Data extracted from a collection:

□ □ □

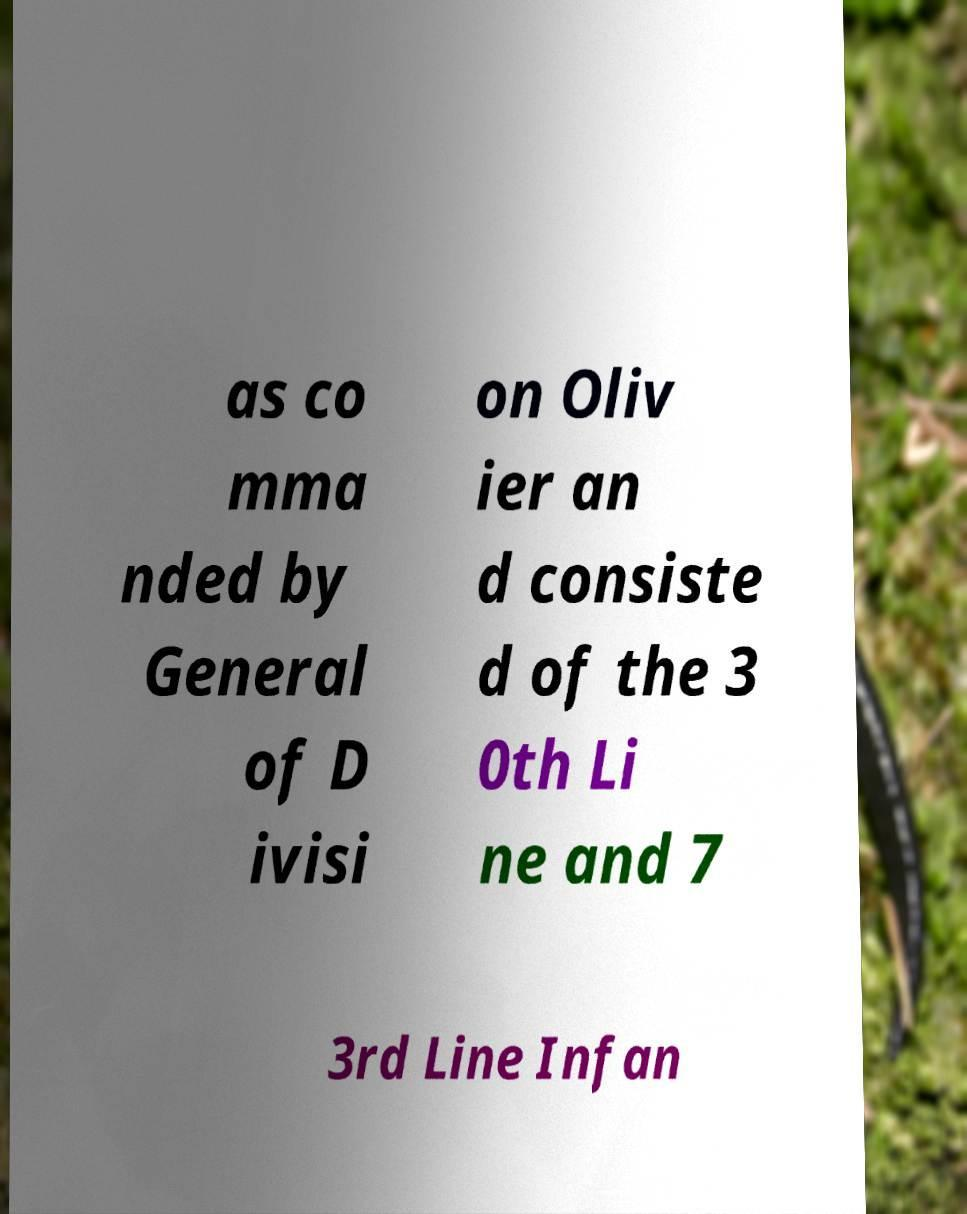I need the written content from this picture converted into text. Can you do that? as co mma nded by General of D ivisi on Oliv ier an d consiste d of the 3 0th Li ne and 7 3rd Line Infan 
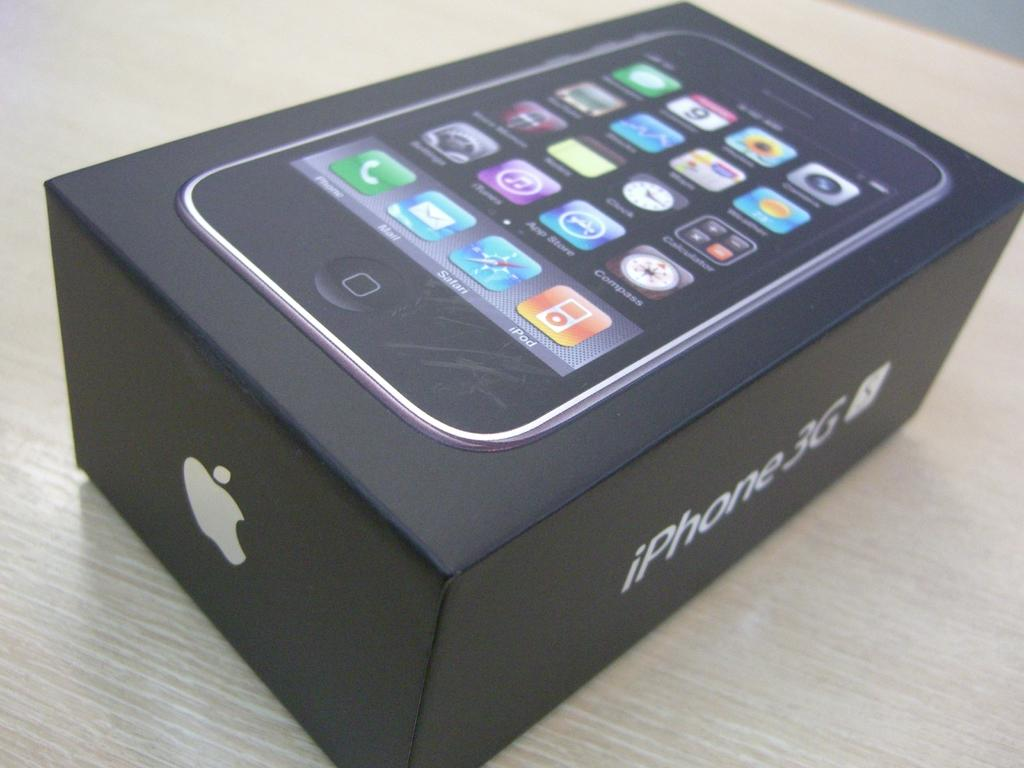Provide a one-sentence caption for the provided image. A black iPhone 3G apple phone box on a counter top. 
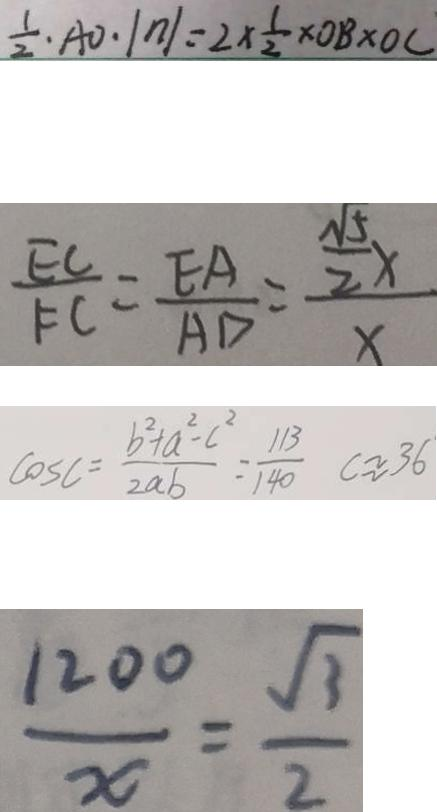<formula> <loc_0><loc_0><loc_500><loc_500>\frac { 1 } { 2 } \cdot A O \cdot \vert n \vert = 2 \times \frac { 1 } { 2 } \times O B \times O C 
 \frac { E C } { F C } = \frac { E A } { A D } = \frac { \frac { \sqrt { 5 } } { 2 } x } { x } 
 \cos C = \frac { b ^ { 2 } + a ^ { 2 } - c ^ { 2 } } { 2 a b } = \frac { 1 1 3 } { 1 4 0 } c \approx 3 6 
 \frac { 1 2 0 0 } { x } = \frac { \sqrt { 3 } } { 2 }</formula> 
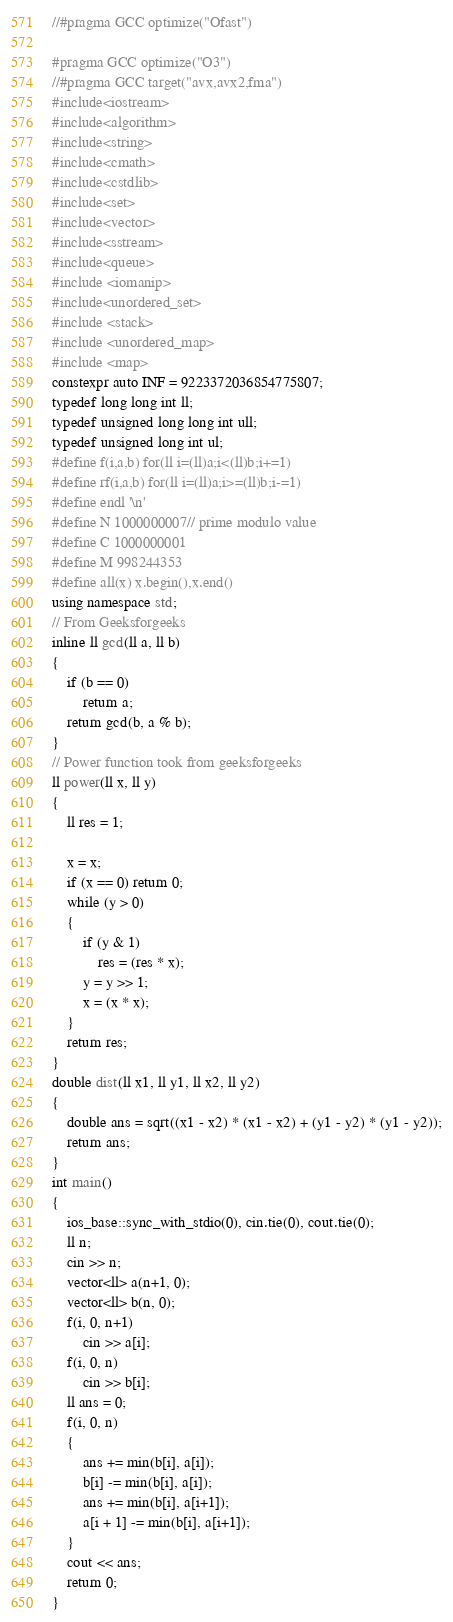<code> <loc_0><loc_0><loc_500><loc_500><_C++_>//#pragma GCC optimize("Ofast")

#pragma GCC optimize("O3")
//#pragma GCC target("avx,avx2,fma")
#include<iostream>
#include<algorithm>
#include<string>
#include<cmath>
#include<cstdlib>
#include<set>
#include<vector>
#include<sstream>
#include<queue>
#include <iomanip>
#include<unordered_set>
#include <stack>
#include <unordered_map>
#include <map>
constexpr auto INF = 9223372036854775807;
typedef long long int ll;
typedef unsigned long long int ull;
typedef unsigned long int ul;
#define f(i,a,b) for(ll i=(ll)a;i<(ll)b;i+=1)
#define rf(i,a,b) for(ll i=(ll)a;i>=(ll)b;i-=1)
#define endl '\n'
#define N 1000000007// prime modulo value 
#define C 1000000001
#define M 998244353
#define all(x) x.begin(),x.end()
using namespace std;
// From Geeksforgeeks
inline ll gcd(ll a, ll b)
{
	if (b == 0)
		return a;
	return gcd(b, a % b);
}
// Power function took from geeksforgeeks
ll power(ll x, ll y)
{
	ll res = 1;

	x = x;
	if (x == 0) return 0;
	while (y > 0)
	{
		if (y & 1)
			res = (res * x);
		y = y >> 1;
		x = (x * x);
	}
	return res;
}
double dist(ll x1, ll y1, ll x2, ll y2)
{
	double ans = sqrt((x1 - x2) * (x1 - x2) + (y1 - y2) * (y1 - y2));
	return ans;
}
int main()
{
	ios_base::sync_with_stdio(0), cin.tie(0), cout.tie(0);
	ll n;
	cin >> n;
	vector<ll> a(n+1, 0);
	vector<ll> b(n, 0);
	f(i, 0, n+1)
		cin >> a[i];
	f(i, 0, n)
		cin >> b[i];
	ll ans = 0;
	f(i, 0, n)
	{
		ans += min(b[i], a[i]);
		b[i] -= min(b[i], a[i]);
		ans += min(b[i], a[i+1]);
		a[i + 1] -= min(b[i], a[i+1]);
	}
	cout << ans;
	return 0;
}
</code> 
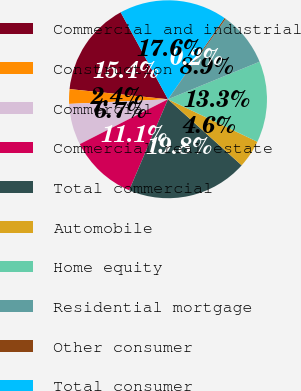<chart> <loc_0><loc_0><loc_500><loc_500><pie_chart><fcel>Commercial and industrial<fcel>Construction<fcel>Commercial<fcel>Commercial real estate<fcel>Total commercial<fcel>Automobile<fcel>Home equity<fcel>Residential mortgage<fcel>Other consumer<fcel>Total consumer<nl><fcel>15.43%<fcel>2.39%<fcel>6.74%<fcel>11.09%<fcel>19.78%<fcel>4.57%<fcel>13.26%<fcel>8.91%<fcel>0.22%<fcel>17.61%<nl></chart> 
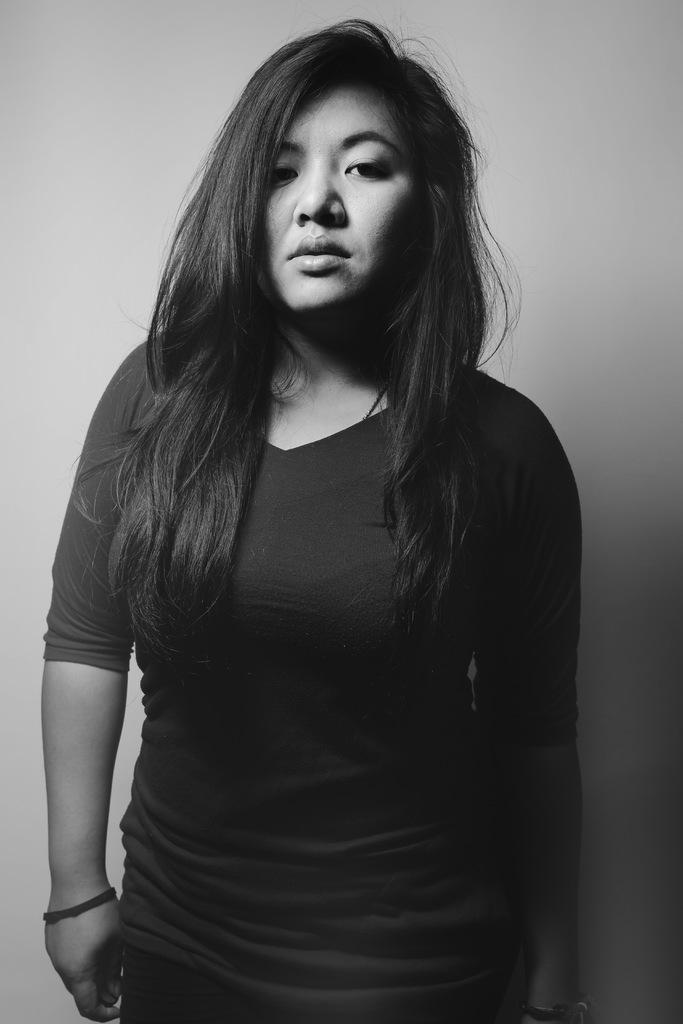What is the main subject in the foreground of the image? There is a person standing in the foreground of the image. Can you describe the background of the image? There is color visible in the background of the image. What type of straw is being used by the secretary in the image? There is no secretary or straw present in the image. 
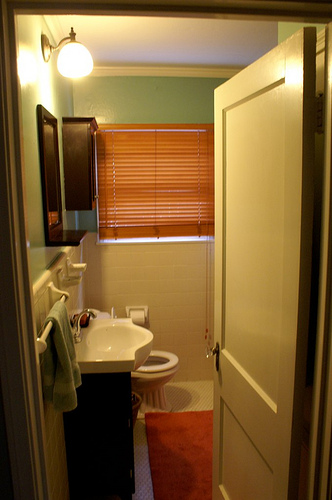Based on the image, what appliances are missing that would be typically found in a modern bathroom? A modern bathroom might typically include a few additional appliances that are missing in this image, such as a shower or bathtub, heated towel rack, modern vanity lighting, and perhaps an automatic hand dryer or a bidet attachment for the toilet. If the bathroom were designed for luxury, what elements would you expect to find? A luxurious bathroom would likely feature natural stone finishes like marble or granite, a spacious walk-in shower with high-end fixtures, possibly a soaking tub, heated floors, a double vanity with elegant sinks, smart mirrors with integrated lighting and defogging capabilities, and high-quality, plush towels and bathrobes. There might also be inbuilt speakers for a relaxing audio experience and ambient mood lighting. 
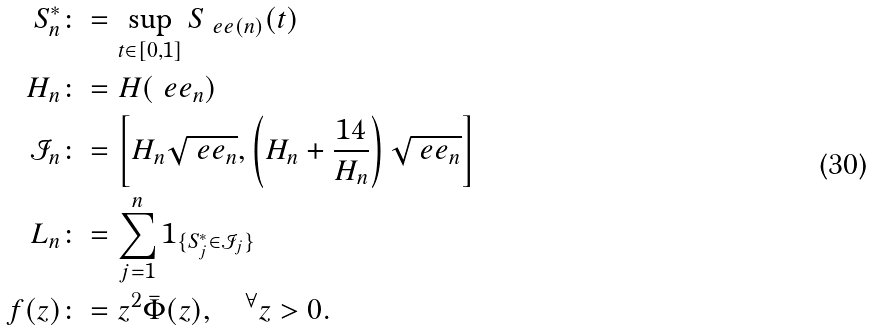Convert formula to latex. <formula><loc_0><loc_0><loc_500><loc_500>S ^ { * } _ { n } & \colon = \sup _ { t \in [ 0 , 1 ] } S _ { \ e e ( n ) } ( t ) \\ H _ { n } & \colon = H ( \ e e _ { n } ) \\ \mathcal { I } _ { n } & \colon = \left [ H _ { n } \sqrt { \ e e _ { n } } , \left ( H _ { n } + \frac { 1 4 } { H _ { n } } \right ) \sqrt { \ e e _ { n } } \right ] \\ L _ { n } & \colon = \sum _ { j = 1 } ^ { n } 1 _ { \{ S ^ { * } _ { j } \in \mathcal { I } _ { j } \} } \\ f ( z ) & \colon = z ^ { 2 } \bar { \Phi } ( z ) , \quad ^ { \forall } z > 0 .</formula>

□ □ □

• [What you are asked to do]
Look through the entries and find each line that has the string "return". Copy those lines.

• [Solution for this problem]
		return a;
	return gcd(b, a % b);
	if (x == 0) return 0;
	return res;
	return ans;
	return 0;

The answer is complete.